Stéphane Schoukroun est français, juif et sépharade. Jana Klein est allemande et non-juive. De cette union improbable, naitra une fille. Pour résoudre la question des identités multiples et conflictuelles de leur fille lorsqu’elle a dix ans, ils ont imaginé une pièce de théâtre. Dans un décor minimaliste plastifié et avec des voix acérées, Stéphane Schoukroun et Jana Klein racontent leur histoire. Un parcours intime, empli de déchirures et de cassures, confronté à une histoire plus vaste : celle de la Shoah, du nazisme et de l’antisémitisme. Les artistes sont ramenés à des interrogations contemporaines : comment raconter un passé meurtri par des souvenirs difficiles ? Que dire et transmettre à son enfant de son identité ?
Dépasser l’Histoire avec un grand « H »
Le sujet de cette pièce possède tous les ingrédients d’un spectacle grave et torturé. Ce n’est pas le cas grâce aux comédiens qui s’en emparent avec humour, en s’amusant des stéréotypes et des préjugés. Un jeu particulier s’installe à l’intérieur du couple et en interaction avec le public. Stéphane Schoukroun et Jana Klein tentent ainsi de s’approprier l’histoire de « l’autre ». « D’une certaine manière, ça aurait pu être l’histoire d’un Auvergnat et d’une Bretonne », explique Jana Klein. « Il y aurait peut-être des dessous de la Grande Histoire qui seraient un peu moins virulents… Mais dans n’importe quel couple il y a toujours des moments où l’irruption de l’autre ou de l’altérité te fait peur ou t’émerveille. Et Notre Histoire, c’est cette histoire-là. Une histoire totalement personnelle, et qui en même temps peut toucher n’importe quel couple confronté aux affres de la mixité, à ce qui nous est étranger, au regard sur l’autre. Comment tu dépasses l’histoire avec un grand H, ensemble. Comment tu réinventes. Et comment l’enfant t’aide à te réinventer. Parce que l’enfant te demande d’où tu viens, et ce qui te constitue ».
Dans ce road-movie express, Stéphane et Jana mènent une enquête identitaire fragmentaire, de la banlieue parisienne à la Rhénanie, du quartier juif de Prague aux palmiers de Juan-les-Pins.

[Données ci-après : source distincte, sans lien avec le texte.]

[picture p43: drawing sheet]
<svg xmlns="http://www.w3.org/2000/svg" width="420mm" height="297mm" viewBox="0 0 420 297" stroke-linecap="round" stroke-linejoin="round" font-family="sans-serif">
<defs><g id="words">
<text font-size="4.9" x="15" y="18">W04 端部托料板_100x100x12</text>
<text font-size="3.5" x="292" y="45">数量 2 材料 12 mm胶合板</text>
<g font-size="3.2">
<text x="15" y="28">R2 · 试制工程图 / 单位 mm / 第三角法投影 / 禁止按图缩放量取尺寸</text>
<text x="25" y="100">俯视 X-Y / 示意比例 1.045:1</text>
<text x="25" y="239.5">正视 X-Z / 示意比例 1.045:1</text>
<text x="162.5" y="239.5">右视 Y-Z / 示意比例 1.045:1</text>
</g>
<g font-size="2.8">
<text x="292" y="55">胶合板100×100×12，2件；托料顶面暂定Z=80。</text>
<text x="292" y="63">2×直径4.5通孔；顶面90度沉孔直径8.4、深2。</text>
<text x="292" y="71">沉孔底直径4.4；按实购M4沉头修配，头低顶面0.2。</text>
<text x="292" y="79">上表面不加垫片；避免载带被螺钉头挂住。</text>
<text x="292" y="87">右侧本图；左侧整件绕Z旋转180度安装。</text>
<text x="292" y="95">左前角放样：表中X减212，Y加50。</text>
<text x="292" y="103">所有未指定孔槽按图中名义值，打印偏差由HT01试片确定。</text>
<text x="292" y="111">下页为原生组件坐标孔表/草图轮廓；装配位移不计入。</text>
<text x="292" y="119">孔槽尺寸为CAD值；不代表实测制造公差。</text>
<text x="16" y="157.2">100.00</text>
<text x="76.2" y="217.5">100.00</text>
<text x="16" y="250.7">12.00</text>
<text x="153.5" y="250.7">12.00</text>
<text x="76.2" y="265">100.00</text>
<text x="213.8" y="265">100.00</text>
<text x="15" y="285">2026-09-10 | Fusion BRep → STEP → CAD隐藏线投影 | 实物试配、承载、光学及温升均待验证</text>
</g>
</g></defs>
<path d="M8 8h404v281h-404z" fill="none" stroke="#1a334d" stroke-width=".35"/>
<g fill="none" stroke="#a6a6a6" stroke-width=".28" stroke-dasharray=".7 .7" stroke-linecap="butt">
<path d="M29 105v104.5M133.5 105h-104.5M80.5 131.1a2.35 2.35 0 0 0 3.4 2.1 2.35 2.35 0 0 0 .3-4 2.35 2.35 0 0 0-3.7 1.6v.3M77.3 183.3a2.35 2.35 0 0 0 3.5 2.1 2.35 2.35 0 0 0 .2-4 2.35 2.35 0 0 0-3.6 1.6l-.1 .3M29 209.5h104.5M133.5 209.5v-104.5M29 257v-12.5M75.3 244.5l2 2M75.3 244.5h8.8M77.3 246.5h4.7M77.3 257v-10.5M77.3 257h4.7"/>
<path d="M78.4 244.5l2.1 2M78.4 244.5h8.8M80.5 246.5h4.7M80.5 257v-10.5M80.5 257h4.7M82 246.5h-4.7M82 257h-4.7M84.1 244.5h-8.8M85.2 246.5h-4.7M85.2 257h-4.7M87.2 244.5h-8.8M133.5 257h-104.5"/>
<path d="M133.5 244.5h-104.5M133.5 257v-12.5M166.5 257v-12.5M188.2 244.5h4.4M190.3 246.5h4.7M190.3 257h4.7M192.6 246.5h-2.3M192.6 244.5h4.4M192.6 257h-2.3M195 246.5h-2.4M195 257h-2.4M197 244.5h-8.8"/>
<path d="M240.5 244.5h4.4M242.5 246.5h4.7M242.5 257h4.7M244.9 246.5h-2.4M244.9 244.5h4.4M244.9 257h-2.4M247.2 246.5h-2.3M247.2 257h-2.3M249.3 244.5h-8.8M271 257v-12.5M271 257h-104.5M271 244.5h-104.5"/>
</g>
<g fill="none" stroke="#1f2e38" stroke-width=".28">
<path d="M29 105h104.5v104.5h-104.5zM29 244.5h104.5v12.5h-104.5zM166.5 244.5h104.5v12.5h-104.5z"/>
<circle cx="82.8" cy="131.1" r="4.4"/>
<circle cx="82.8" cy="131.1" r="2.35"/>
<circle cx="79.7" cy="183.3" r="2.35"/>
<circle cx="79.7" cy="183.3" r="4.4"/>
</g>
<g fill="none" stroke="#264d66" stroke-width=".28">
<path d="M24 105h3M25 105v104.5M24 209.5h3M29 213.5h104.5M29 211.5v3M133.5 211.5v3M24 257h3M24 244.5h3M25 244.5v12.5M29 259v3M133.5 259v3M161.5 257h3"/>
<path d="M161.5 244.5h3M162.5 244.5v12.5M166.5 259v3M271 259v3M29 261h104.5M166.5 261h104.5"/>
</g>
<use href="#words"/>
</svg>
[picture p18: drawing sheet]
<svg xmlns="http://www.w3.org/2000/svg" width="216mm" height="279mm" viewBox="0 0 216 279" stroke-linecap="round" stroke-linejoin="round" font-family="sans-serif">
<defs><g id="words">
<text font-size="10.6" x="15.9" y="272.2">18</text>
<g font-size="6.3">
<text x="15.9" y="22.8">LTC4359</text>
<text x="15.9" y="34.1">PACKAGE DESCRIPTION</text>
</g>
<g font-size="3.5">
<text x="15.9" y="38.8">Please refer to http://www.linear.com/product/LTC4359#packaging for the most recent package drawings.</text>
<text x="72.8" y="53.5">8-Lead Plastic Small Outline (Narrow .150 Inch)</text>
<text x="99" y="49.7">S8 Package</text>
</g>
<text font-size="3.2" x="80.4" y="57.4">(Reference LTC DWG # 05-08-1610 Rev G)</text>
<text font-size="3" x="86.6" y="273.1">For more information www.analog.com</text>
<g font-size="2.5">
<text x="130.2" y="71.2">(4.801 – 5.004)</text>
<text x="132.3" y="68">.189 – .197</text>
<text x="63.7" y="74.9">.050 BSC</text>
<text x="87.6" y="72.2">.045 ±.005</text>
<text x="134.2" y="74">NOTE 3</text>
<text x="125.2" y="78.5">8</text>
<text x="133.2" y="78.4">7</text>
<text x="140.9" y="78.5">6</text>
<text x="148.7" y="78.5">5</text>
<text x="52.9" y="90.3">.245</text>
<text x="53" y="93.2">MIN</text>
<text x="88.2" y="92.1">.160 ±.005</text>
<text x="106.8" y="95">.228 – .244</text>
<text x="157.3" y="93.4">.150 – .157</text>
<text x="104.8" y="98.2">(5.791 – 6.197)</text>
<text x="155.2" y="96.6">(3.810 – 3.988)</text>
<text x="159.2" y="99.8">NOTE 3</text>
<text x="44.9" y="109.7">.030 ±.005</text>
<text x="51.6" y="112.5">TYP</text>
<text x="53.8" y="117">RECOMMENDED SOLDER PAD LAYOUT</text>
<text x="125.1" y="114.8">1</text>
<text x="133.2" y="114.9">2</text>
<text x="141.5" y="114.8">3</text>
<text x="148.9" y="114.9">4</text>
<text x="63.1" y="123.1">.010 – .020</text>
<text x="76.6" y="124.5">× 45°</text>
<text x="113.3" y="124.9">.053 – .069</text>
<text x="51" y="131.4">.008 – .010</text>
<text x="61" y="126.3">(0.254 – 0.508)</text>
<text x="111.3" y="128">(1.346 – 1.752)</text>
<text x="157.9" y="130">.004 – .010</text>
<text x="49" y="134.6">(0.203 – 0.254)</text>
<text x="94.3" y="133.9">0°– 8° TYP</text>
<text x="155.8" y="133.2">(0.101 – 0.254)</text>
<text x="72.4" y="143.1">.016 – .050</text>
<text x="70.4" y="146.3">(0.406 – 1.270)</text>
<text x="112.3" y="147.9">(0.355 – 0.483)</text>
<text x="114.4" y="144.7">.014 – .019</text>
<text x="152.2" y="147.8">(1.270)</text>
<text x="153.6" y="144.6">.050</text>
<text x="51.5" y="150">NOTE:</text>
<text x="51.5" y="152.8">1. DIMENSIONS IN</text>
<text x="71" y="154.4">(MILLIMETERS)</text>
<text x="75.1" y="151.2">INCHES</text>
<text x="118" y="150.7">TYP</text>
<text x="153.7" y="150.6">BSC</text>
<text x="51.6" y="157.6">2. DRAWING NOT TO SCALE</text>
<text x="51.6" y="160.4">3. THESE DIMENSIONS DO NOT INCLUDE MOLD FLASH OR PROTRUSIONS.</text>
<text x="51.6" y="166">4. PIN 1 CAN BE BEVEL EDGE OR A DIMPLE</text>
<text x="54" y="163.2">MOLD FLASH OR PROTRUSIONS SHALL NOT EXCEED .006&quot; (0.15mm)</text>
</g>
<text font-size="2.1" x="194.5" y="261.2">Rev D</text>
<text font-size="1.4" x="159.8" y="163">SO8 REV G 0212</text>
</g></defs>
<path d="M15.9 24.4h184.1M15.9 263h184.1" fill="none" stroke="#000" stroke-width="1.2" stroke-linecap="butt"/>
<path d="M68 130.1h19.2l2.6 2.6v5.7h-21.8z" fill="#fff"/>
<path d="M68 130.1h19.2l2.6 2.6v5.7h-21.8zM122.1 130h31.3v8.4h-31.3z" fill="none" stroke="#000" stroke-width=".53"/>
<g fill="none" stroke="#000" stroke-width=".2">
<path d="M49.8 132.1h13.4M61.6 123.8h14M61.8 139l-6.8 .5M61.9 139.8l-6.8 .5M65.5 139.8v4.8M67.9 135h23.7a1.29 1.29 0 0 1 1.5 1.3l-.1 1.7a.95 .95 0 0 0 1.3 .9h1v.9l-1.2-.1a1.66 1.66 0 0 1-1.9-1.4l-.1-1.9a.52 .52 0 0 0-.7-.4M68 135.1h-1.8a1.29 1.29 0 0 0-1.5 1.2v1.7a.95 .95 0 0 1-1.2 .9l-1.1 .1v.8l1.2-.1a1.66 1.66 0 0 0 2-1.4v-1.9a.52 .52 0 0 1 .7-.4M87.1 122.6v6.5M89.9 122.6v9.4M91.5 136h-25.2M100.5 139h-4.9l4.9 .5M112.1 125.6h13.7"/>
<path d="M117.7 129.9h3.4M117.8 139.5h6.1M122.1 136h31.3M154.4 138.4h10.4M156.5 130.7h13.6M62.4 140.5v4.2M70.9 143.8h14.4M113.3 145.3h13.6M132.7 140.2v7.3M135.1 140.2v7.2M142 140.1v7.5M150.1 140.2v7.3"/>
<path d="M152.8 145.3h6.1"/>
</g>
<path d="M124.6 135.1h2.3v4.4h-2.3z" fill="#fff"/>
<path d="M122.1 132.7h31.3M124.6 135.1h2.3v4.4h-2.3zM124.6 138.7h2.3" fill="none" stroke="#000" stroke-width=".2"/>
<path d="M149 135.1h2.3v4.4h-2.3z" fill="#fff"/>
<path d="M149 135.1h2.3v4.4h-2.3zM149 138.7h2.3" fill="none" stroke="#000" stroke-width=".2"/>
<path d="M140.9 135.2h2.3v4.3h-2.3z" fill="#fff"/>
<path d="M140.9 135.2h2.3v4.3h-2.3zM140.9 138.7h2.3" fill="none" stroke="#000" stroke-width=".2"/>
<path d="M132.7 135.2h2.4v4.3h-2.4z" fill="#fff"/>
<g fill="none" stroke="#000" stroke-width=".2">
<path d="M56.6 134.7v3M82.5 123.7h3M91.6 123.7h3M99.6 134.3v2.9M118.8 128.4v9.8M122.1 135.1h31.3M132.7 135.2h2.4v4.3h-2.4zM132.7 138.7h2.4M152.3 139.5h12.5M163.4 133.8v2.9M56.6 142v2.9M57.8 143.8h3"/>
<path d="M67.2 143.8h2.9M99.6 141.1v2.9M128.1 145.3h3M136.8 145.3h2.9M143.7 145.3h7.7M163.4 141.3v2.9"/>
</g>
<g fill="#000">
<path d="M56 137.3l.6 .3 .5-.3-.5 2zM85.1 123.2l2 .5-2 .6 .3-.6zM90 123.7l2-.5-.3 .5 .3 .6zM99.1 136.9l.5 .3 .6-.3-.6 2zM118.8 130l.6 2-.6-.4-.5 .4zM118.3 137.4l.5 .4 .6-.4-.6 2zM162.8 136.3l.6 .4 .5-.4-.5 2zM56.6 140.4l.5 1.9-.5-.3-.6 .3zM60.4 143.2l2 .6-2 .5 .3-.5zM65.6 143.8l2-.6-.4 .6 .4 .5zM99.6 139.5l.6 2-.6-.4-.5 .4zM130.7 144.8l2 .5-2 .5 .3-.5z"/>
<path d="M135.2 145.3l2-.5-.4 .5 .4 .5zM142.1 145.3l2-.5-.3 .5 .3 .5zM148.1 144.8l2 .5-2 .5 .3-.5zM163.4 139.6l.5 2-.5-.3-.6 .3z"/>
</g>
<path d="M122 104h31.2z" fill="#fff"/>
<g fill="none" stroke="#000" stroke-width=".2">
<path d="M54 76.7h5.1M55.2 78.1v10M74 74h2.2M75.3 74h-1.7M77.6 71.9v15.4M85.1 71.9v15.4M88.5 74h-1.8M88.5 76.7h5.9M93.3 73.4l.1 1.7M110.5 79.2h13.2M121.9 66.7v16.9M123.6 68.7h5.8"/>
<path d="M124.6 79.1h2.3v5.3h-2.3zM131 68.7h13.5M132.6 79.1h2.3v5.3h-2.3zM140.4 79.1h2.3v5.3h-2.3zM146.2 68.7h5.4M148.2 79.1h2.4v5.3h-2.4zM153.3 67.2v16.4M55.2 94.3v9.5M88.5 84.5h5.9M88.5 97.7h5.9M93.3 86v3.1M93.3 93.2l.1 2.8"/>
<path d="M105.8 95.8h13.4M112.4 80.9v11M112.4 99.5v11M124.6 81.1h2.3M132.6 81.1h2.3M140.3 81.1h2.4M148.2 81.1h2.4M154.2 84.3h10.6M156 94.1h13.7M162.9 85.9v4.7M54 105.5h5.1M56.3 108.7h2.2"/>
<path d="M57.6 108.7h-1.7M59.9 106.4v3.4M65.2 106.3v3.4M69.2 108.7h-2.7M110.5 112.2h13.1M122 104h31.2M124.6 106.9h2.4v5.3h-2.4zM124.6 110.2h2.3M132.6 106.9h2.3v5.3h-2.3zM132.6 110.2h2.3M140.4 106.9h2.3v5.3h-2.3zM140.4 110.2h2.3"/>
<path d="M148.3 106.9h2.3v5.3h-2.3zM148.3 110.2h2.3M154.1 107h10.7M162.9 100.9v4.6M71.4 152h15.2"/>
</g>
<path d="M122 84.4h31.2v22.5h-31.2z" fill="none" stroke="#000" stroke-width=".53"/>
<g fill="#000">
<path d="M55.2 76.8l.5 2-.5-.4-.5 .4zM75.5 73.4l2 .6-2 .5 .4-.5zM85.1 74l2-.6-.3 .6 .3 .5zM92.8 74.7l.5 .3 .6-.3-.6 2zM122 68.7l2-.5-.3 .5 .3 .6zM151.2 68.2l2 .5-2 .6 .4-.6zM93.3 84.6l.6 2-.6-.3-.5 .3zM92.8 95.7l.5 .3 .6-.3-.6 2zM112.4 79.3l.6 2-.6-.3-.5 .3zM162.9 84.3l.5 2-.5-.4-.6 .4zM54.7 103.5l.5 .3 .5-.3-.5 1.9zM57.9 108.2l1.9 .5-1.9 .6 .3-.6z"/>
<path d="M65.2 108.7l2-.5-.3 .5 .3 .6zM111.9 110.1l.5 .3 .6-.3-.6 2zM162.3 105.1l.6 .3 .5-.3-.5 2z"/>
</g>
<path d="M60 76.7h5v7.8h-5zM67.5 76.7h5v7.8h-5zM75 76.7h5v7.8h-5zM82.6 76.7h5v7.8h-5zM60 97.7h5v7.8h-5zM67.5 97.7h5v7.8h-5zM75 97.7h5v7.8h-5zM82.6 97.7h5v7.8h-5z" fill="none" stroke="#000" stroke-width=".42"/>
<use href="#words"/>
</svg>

Ils interrogent les parents de Stéphane sur leur rapport à la judaïté et leur désir de transmission. Ils visitent leurs morts : Ils recueillent le témoignage imaginaire du grand-père paternel de Jana, soldat dans la Wehrmacht et convoquent les grandes figures du cinéma allemand. La mère de Jana lui révèle l’histoire de son père tchèque résistant, interné à Dachau. Ensemble, ils font ressurgir les monstres de l’Histoire. Tour à tour, ils confient leur trouble et leur étonnement permanents face à l’être aimé et sa capacité à faire un pas de côté. Ils tentent de saisir ce qu’ils pourront bien transmettre à la génération future de leurs identités mouvantes et de la possibilité de construire une histoire commune.